2017年の模擬授業は7月1日(土) 13:30〜15:00に開催されました。



 環境資源科学科では,今年も模擬授業を以下の要領で開催します。
この機会に東京農工大学の雰囲気と環境科学に関係する授業を少しだけ味わってみませんか?


「大気汚染はなぜ発生するのか? -オキシダント・PM2.5の発生メカニズム-」
(中嶋吉弘先生)

 私たちが住む地球上では様々な環境問題が発生し、その解決方法が常に検討または実証され続けています。大気環境に限って言えば、温室効果気体の増加による気候変動がよく知られているかと思います。今回取り上げる大気汚染も、大気環境問題の重要な課題です。最近ではメディアなどで『PM2.5』が大気汚染の一つのキーワードとして大々的に取り上げられており、皆さんもよく知るところだと思います。そしてもう一つのキーワードに『光化学オキシダント』があります。
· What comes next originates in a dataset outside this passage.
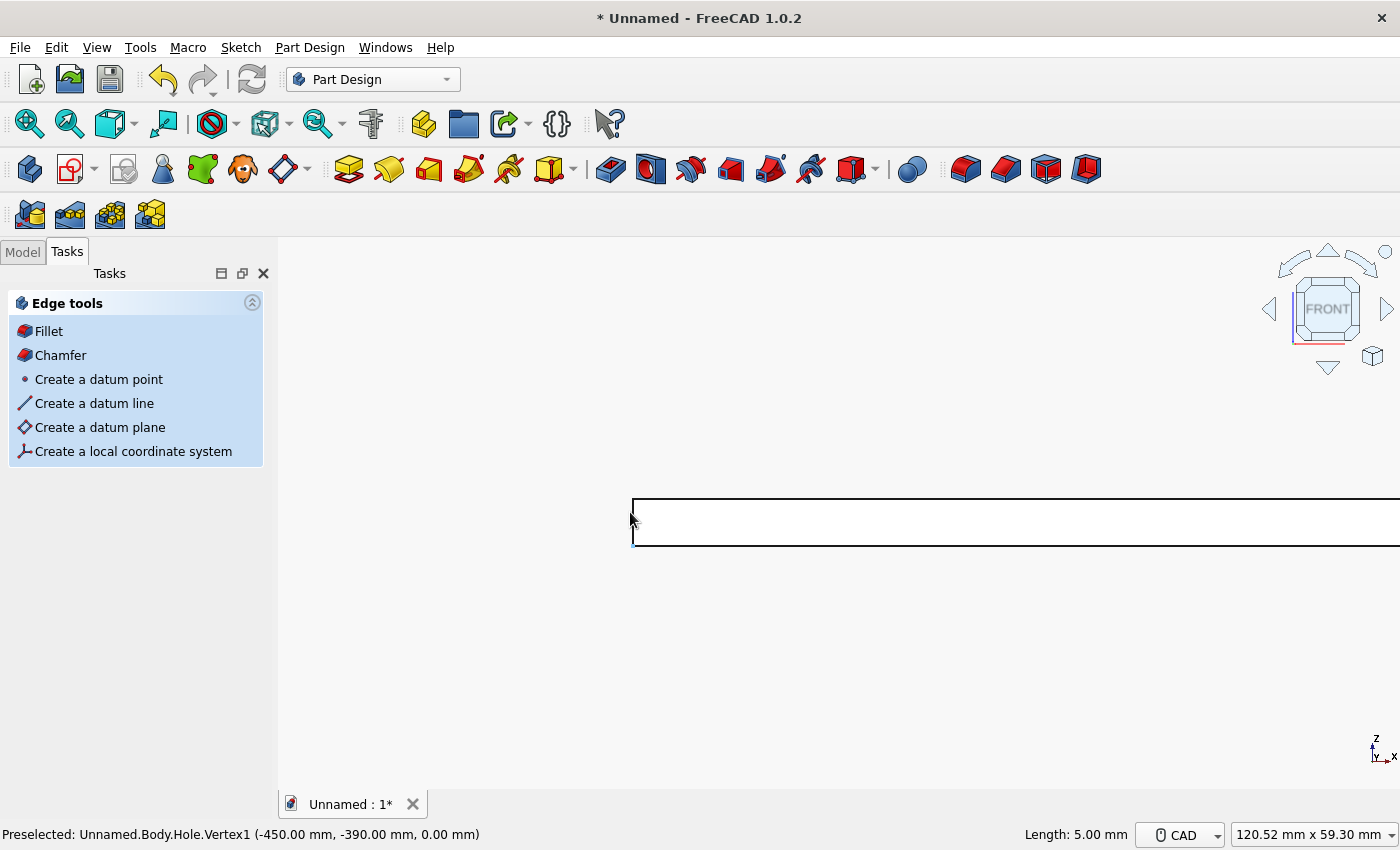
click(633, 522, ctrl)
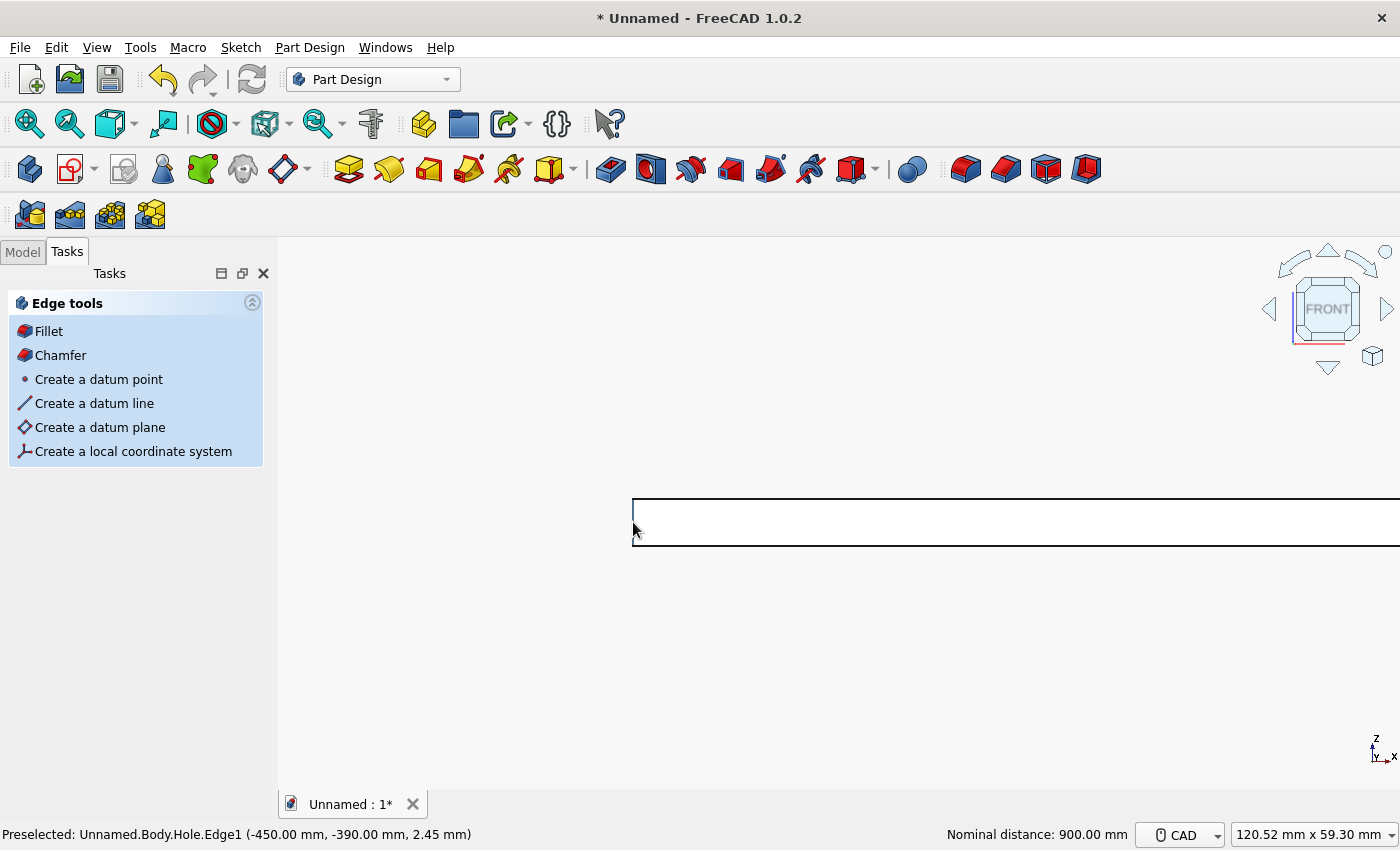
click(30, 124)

オキシダント注意報が発令されると、屋外での運動や外出を控え、屋内に入るように言われた方もいるかもしれません。
 私の模擬授業では『PM2.5』と『光化学オキシダント』をキーワードに、そもそもなぜ大気汚染が発生するのか、大気汚染の原因物質はどこから湧き出てくるのか、そして大気汚染問題の解決がなぜ難しいのか、という素朴な疑問を大気化学に加えて大気環境の歴史的な(それほど古くはありませんが)経緯を踏まえながら解説したいと思います。



「バイオエネルギー研究の最前線」
(堀川祥生先生)

 我が国のエネルギー自給率はわずか5%程度であり、そのほとんどが石油・石炭といった化石燃料に依存しています。そして化石燃料は限りがあるエネルギー資源です。したがって今後は次世代のためにクリーン且つまた使える資源、つまり再生可能エネルギーの利用を考えていかねばなりません。
 再生可能エネルギーとして太陽エネルギー、風力エネルギー等も注目を集めていますが、バイオマスは液体燃料や工業原料すなわち有機化合物の炭素供給源となりうることが大きな特徴であり、極めて重要な点でもあります。このバイオマスとは動植物などから生まれた生物資源の総称ですが、地球上に存在するバイオマスの中で圧倒的な量を占めるものは樹木を含めた植物由来です。
 このような背景から、私の模擬授業では植物バイオマスのエネルギー利用の一環としてバイオエタノールについてお話します。その製造工程はもちろんですが、なぜ植物からエタノールを生産できるのか、という疑問を明らかにするため植物バイオマスの本質である細胞壁ならびにその主成分であるセルロースの構造に関しても解説します。また、バイオエタノールの製造において重要な工程となる酵素糖化、つまりセルロースを酵素が分解する様子についても電子顕微鏡写真を用いて紹介する予定です。